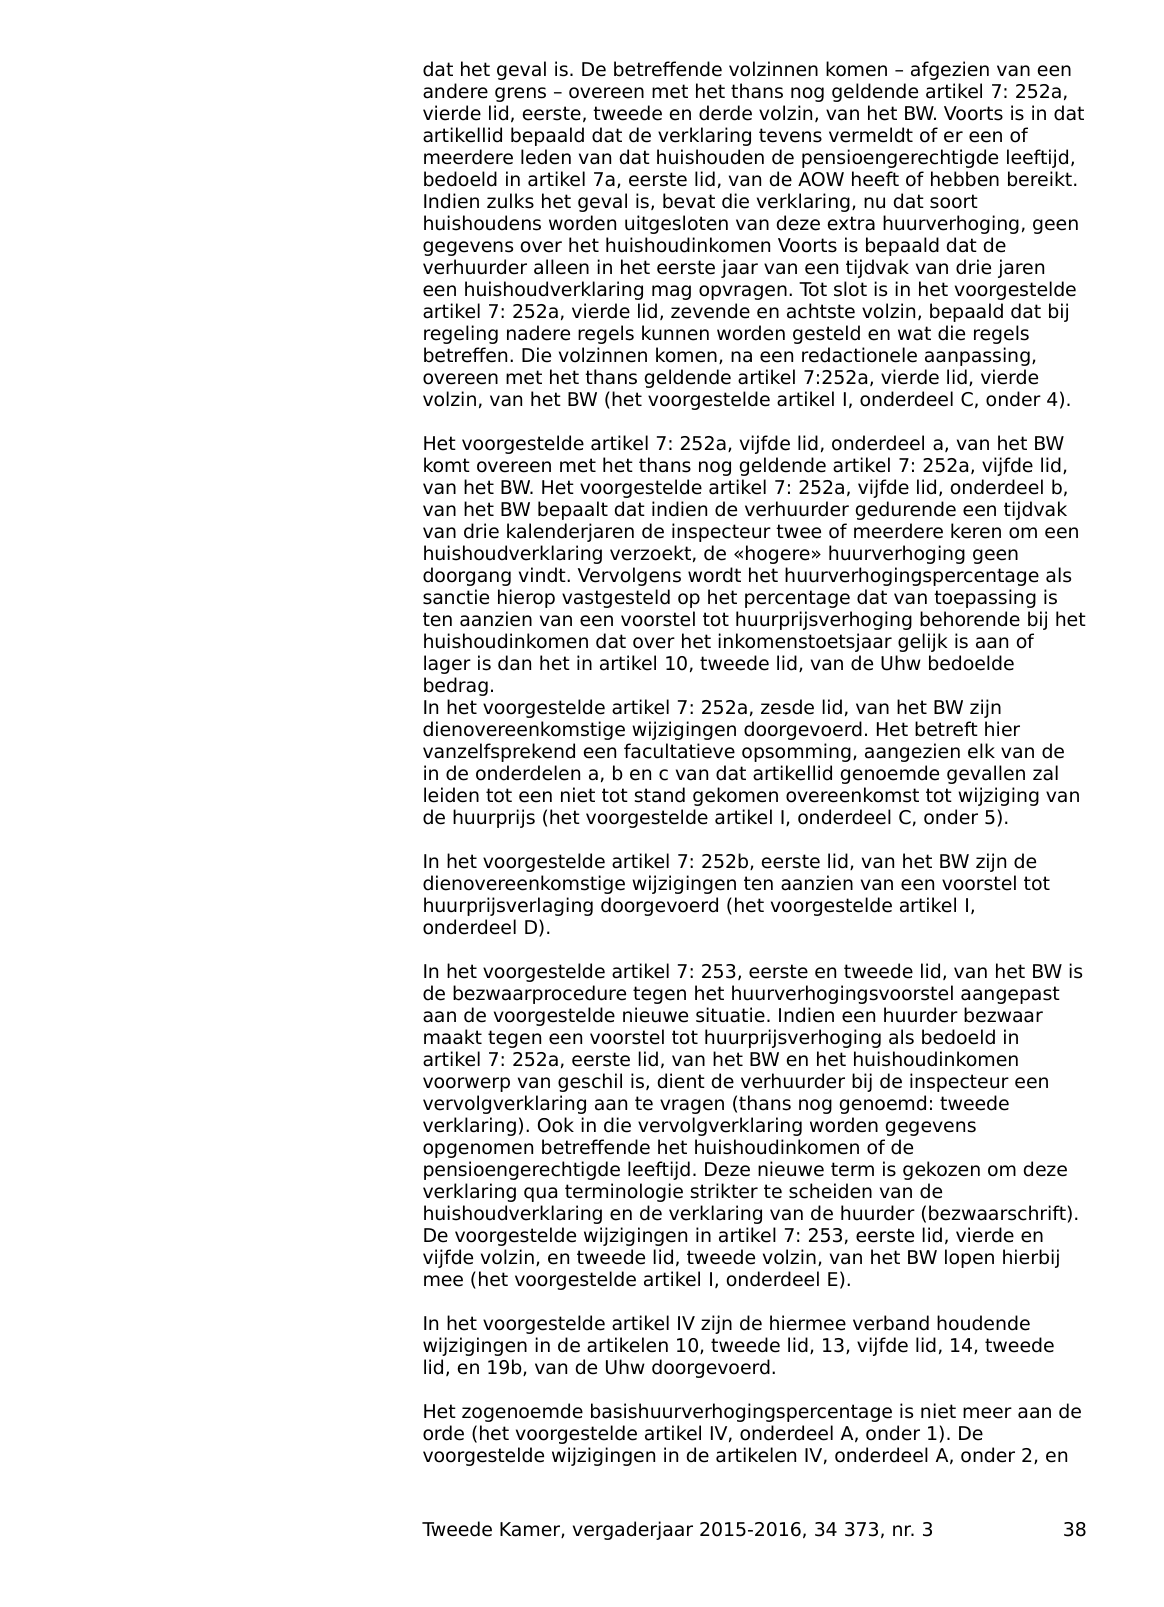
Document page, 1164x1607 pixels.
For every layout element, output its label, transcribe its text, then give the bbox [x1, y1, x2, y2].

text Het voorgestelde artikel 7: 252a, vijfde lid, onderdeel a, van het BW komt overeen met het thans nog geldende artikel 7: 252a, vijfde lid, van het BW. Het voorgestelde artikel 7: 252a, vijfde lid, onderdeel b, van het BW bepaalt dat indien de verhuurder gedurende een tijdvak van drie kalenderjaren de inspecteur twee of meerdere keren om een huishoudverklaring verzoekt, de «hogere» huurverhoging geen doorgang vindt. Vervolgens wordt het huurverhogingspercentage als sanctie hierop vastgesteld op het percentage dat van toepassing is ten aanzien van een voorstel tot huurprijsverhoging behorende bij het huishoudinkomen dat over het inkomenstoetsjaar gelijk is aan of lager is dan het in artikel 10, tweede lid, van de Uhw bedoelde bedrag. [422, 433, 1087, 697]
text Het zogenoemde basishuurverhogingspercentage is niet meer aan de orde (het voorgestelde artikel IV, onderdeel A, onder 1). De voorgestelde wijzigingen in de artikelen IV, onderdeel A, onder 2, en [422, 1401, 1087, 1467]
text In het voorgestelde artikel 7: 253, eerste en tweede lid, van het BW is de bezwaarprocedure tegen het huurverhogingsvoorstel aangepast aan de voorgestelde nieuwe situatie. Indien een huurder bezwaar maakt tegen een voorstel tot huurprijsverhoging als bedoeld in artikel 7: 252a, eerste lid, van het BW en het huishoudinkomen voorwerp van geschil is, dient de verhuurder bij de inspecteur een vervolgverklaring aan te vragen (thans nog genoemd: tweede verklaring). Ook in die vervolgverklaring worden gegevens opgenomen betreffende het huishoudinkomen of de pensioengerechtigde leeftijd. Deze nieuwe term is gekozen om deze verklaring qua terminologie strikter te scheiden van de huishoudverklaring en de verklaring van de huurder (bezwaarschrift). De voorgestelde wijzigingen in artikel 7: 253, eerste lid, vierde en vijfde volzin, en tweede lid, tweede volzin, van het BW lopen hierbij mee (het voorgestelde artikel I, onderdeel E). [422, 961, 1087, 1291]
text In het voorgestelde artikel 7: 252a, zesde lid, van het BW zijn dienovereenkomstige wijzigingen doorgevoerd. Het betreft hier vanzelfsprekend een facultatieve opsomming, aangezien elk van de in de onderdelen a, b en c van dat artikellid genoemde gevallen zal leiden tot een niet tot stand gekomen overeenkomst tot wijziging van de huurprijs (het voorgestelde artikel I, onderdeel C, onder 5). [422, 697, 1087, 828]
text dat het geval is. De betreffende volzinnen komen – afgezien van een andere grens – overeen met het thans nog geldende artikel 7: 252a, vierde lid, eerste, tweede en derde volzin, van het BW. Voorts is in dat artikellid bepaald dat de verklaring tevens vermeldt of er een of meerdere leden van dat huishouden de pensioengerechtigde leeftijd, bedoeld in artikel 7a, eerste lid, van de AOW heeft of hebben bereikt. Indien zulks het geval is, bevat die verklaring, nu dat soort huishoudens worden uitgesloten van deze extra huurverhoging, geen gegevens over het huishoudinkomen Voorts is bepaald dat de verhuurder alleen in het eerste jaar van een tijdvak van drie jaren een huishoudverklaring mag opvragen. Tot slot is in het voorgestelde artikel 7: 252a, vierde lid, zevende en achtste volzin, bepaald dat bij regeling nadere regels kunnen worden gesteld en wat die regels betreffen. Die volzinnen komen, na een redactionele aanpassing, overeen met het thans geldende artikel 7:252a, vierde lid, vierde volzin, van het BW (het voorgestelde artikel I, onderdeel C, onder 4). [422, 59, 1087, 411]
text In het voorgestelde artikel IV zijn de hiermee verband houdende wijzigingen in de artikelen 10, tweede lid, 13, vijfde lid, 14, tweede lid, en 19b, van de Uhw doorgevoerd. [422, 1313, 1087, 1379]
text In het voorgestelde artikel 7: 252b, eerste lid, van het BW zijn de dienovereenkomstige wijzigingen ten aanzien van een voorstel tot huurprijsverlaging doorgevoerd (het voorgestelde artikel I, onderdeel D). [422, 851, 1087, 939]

#### GOAL OF THE EXERCISE:
Pictures aside, restate the entries word for word.

#### EXPECTED ANSWER:
Document page, 1164x1607 pixels.
For every layout element, output its label, transcribe its text, then give the bbox [x1, y1, x2, y2].

text Het voorgestelde artikel 7: 252a, vijfde lid, onderdeel a, van het BW komt overeen met het thans nog geldende artikel 7: 252a, vijfde lid, van het BW. Het voorgestelde artikel 7: 252a, vijfde lid, onderdeel b, van het BW bepaalt dat indien de verhuurder gedurende een tijdvak van drie kalenderjaren de inspecteur twee of meerdere keren om een huishoudverklaring verzoekt, de «hogere» huurverhoging geen doorgang vindt. Vervolgens wordt het huurverhogingspercentage als sanctie hierop vastgesteld op het percentage dat van toepassing is ten aanzien van een voorstel tot huurprijsverhoging behorende bij het huishoudinkomen dat over het inkomenstoetsjaar gelijk is aan of lager is dan het in artikel 10, tweede lid, van de Uhw bedoelde bedrag. [422, 433, 1087, 697]
text Het zogenoemde basishuurverhogingspercentage is niet meer aan de orde (het voorgestelde artikel IV, onderdeel A, onder 1). De voorgestelde wijzigingen in de artikelen IV, onderdeel A, onder 2, en [422, 1401, 1087, 1467]
text In het voorgestelde artikel 7: 253, eerste en tweede lid, van het BW is de bezwaarprocedure tegen het huurverhogingsvoorstel aangepast aan de voorgestelde nieuwe situatie. Indien een huurder bezwaar maakt tegen een voorstel tot huurprijsverhoging als bedoeld in artikel 7: 252a, eerste lid, van het BW en het huishoudinkomen voorwerp van geschil is, dient de verhuurder bij de inspecteur een vervolgverklaring aan te vragen (thans nog genoemd: tweede verklaring). Ook in die vervolgverklaring worden gegevens opgenomen betreffende het huishoudinkomen of de pensioengerechtigde leeftijd. Deze nieuwe term is gekozen om deze verklaring qua terminologie strikter te scheiden van de huishoudverklaring en de verklaring van de huurder (bezwaarschrift). De voorgestelde wijzigingen in artikel 7: 253, eerste lid, vierde en vijfde volzin, en tweede lid, tweede volzin, van het BW lopen hierbij mee (het voorgestelde artikel I, onderdeel E). [422, 961, 1087, 1291]
text In het voorgestelde artikel 7: 252a, zesde lid, van het BW zijn dienovereenkomstige wijzigingen doorgevoerd. Het betreft hier vanzelfsprekend een facultatieve opsomming, aangezien elk van de in de onderdelen a, b en c van dat artikellid genoemde gevallen zal leiden tot een niet tot stand gekomen overeenkomst tot wijziging van de huurprijs (het voorgestelde artikel I, onderdeel C, onder 5). [422, 697, 1087, 828]
text dat het geval is. De betreffende volzinnen komen – afgezien van een andere grens – overeen met het thans nog geldende artikel 7: 252a, vierde lid, eerste, tweede en derde volzin, van het BW. Voorts is in dat artikellid bepaald dat de verklaring tevens vermeldt of er een of meerdere leden van dat huishouden de pensioengerechtigde leeftijd, bedoeld in artikel 7a, eerste lid, van de AOW heeft of hebben bereikt. Indien zulks het geval is, bevat die verklaring, nu dat soort huishoudens worden uitgesloten van deze extra huurverhoging, geen gegevens over het huishoudinkomen Voorts is bepaald dat de verhuurder alleen in het eerste jaar van een tijdvak van drie jaren een huishoudverklaring mag opvragen. Tot slot is in het voorgestelde artikel 7: 252a, vierde lid, zevende en achtste volzin, bepaald dat bij regeling nadere regels kunnen worden gesteld en wat die regels betreffen. Die volzinnen komen, na een redactionele aanpassing, overeen met het thans geldende artikel 7:252a, vierde lid, vierde volzin, van het BW (het voorgestelde artikel I, onderdeel C, onder 4). [422, 59, 1087, 411]
text In het voorgestelde artikel IV zijn de hiermee verband houdende wijzigingen in de artikelen 10, tweede lid, 13, vijfde lid, 14, tweede lid, en 19b, van de Uhw doorgevoerd. [422, 1313, 1087, 1379]
text In het voorgestelde artikel 7: 252b, eerste lid, van het BW zijn de dienovereenkomstige wijzigingen ten aanzien van een voorstel tot huurprijsverlaging doorgevoerd (het voorgestelde artikel I, onderdeel D). [422, 851, 1087, 939]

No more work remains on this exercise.